◆ Stored dataset items:
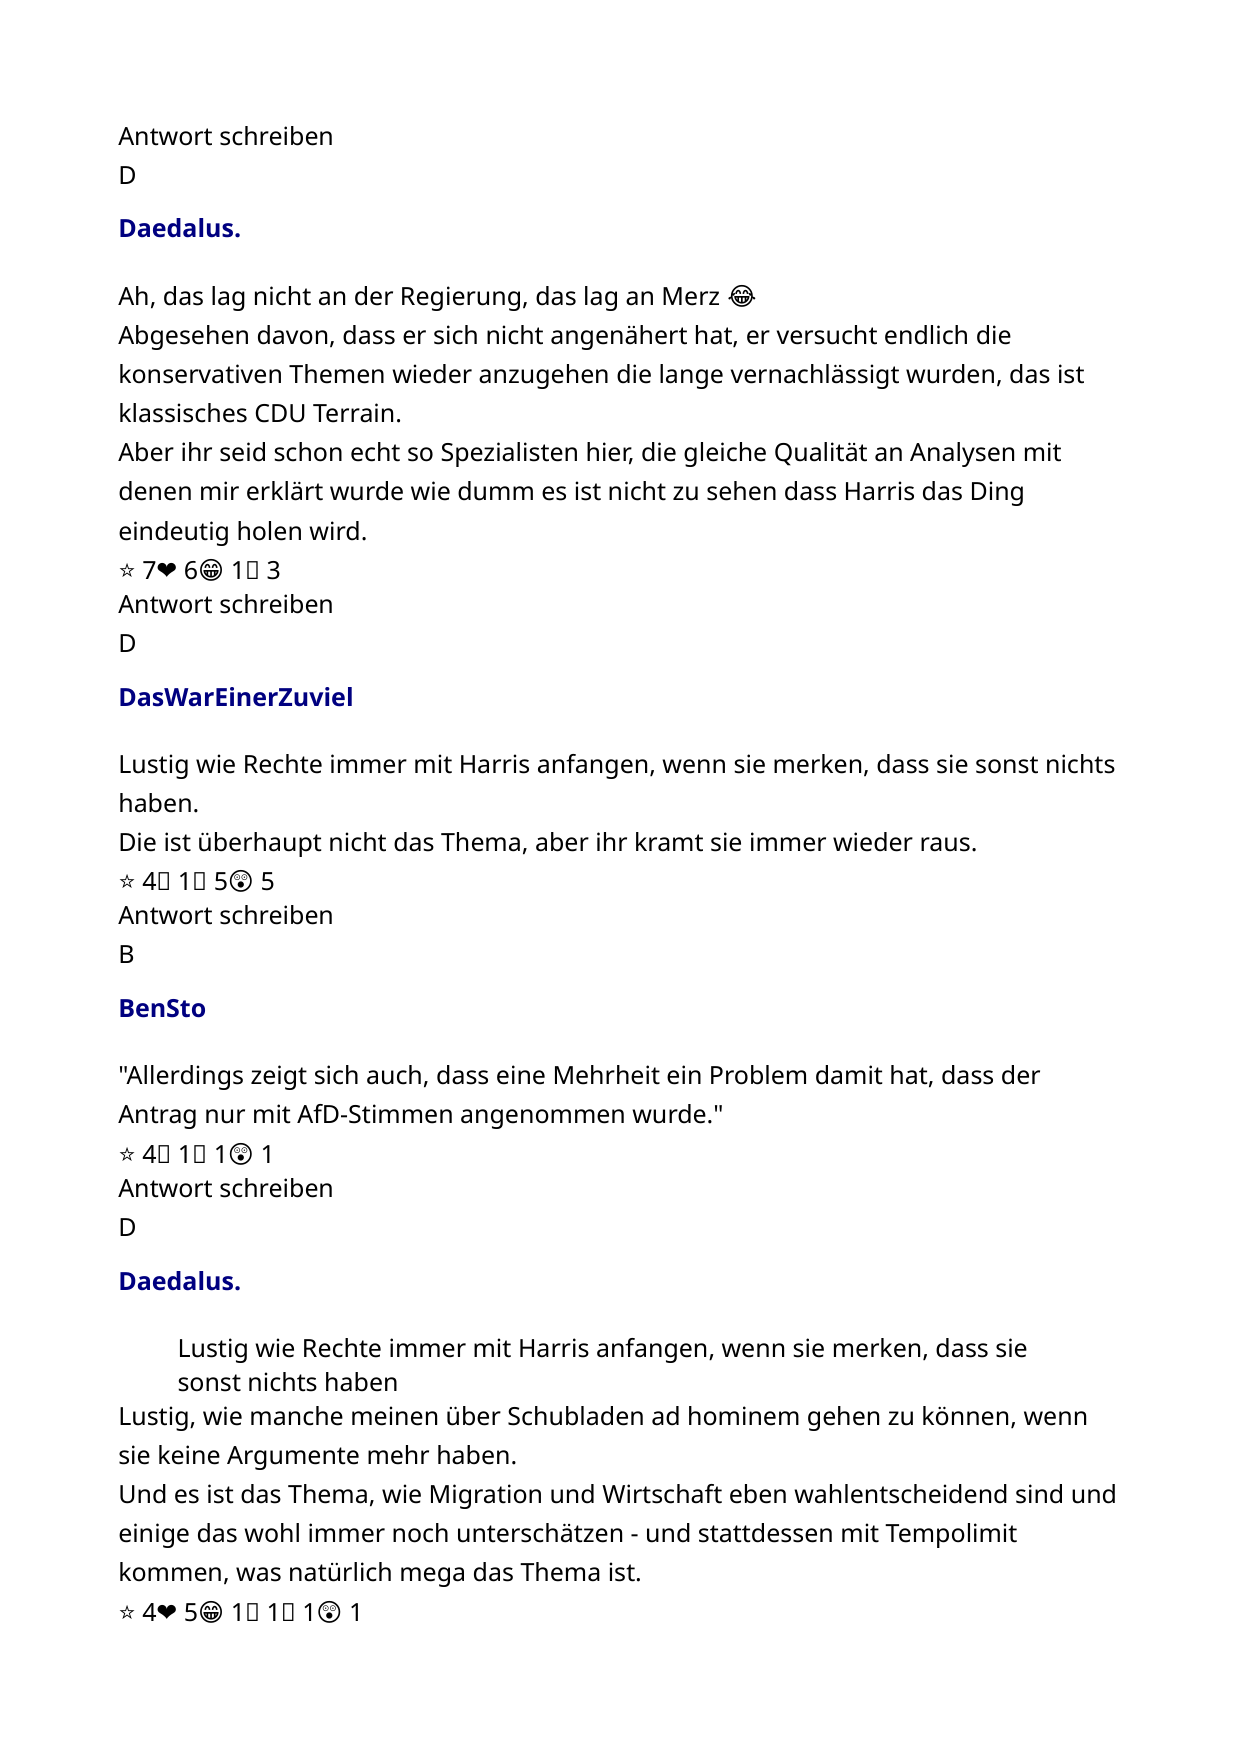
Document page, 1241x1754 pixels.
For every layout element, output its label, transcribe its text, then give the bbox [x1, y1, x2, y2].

subtitle DasWarEinerZuviel [118, 679, 1122, 713]
text Antwort schreiben [118, 118, 1122, 152]
subtitle Daedalus. [118, 1263, 1122, 1297]
text ⭐️ 4❤️ 5😁 1🙁 1🤨 1😲 1 [118, 1594, 1122, 1628]
text ⭐️ 7❤️ 6😁 1🤨 3 [118, 552, 1122, 586]
text Lustig wie Rechte immer mit Harris anfangen, wenn sie merken, dass sie sonst nichts haben [177, 1330, 1063, 1398]
text D [118, 157, 1122, 191]
text Antwort schreiben [118, 1170, 1122, 1204]
text D [118, 1209, 1122, 1243]
text ⭐️ 4🙁 1🤨 5😲 5 [118, 864, 1122, 898]
text B [118, 937, 1122, 971]
text Lustig, wie manche meinen über Schubladen ad hominem gehen zu können, wenn sie keine Argumente mehr haben. [118, 1398, 1122, 1472]
text D [118, 626, 1122, 659]
subtitle BenSto [118, 991, 1122, 1025]
text Lustig wie Rechte immer mit Harris anfangen, wenn sie merken, dass sie sonst nichts haben. [118, 746, 1122, 819]
text "Allerdings zeigt sich auch, dass eine Mehrheit ein Problem damit hat, dass der Antrag nur mit AfD-Stimmen angenommen wurde." [118, 1058, 1122, 1131]
text Abgesehen davon, dass er sich nicht angenähert hat, er versucht endlich die konservativen Themen wieder anzugehen die lange vernachlässigt wurden, das ist klassisches CDU Terrain. [118, 317, 1122, 430]
text ⭐️ 4🙁 1🤨 1😲 1 [118, 1136, 1122, 1170]
text Ah, das lag nicht an der Regierung, das lag an Merz 😂 [118, 278, 1122, 312]
text Antwort schreiben [118, 898, 1122, 932]
text Aber ihr seid schon echt so Spezialisten hier, die gleiche Qualität an Analysen mit denen mir erklärt wurde wie dumm es ist nicht zu sehen dass Harris das Ding eindeutig holen wird. [118, 435, 1122, 547]
subtitle Daedalus. [118, 211, 1122, 245]
text Antwort schreiben [118, 586, 1122, 620]
text Und es ist das Thema, wie Migration und Wirtschaft eben wahlentscheidend sind und einige das wohl immer noch unterschätzen - und stattdessen mit Tempolimit kommen, was natürlich mega das Thema ist. [118, 1477, 1122, 1589]
text Die ist überhaupt nicht das Thema, aber ihr kramt sie immer wieder raus. [118, 825, 1122, 859]

◆ Task to carry out: Output exactly the lines of the data that run from the one containing "text Abgesehen davon, dass" to the very last line, and no others.

◆ Result for this exercise:
text Abgesehen davon, dass er sich nicht angenähert hat, er versucht endlich die konservativen Themen wieder anzugehen die lange vernachlässigt wurden, das ist klassisches CDU Terrain. [118, 317, 1122, 430]
text ⭐️ 4🙁 1🤨 1😲 1 [118, 1136, 1122, 1170]
text Ah, das lag nicht an der Regierung, das lag an Merz 😂 [118, 278, 1122, 312]
text Antwort schreiben [118, 898, 1122, 932]
text Aber ihr seid schon echt so Spezialisten hier, die gleiche Qualität an Analysen mit denen mir erklärt wurde wie dumm es ist nicht zu sehen dass Harris das Ding eindeutig holen wird. [118, 435, 1122, 547]
subtitle Daedalus. [118, 211, 1122, 245]
text Antwort schreiben [118, 586, 1122, 620]
text Und es ist das Thema, wie Migration und Wirtschaft eben wahlentscheidend sind und einige das wohl immer noch unterschätzen - und stattdessen mit Tempolimit kommen, was natürlich mega das Thema ist. [118, 1477, 1122, 1589]
text Die ist überhaupt nicht das Thema, aber ihr kramt sie immer wieder raus. [118, 825, 1122, 859]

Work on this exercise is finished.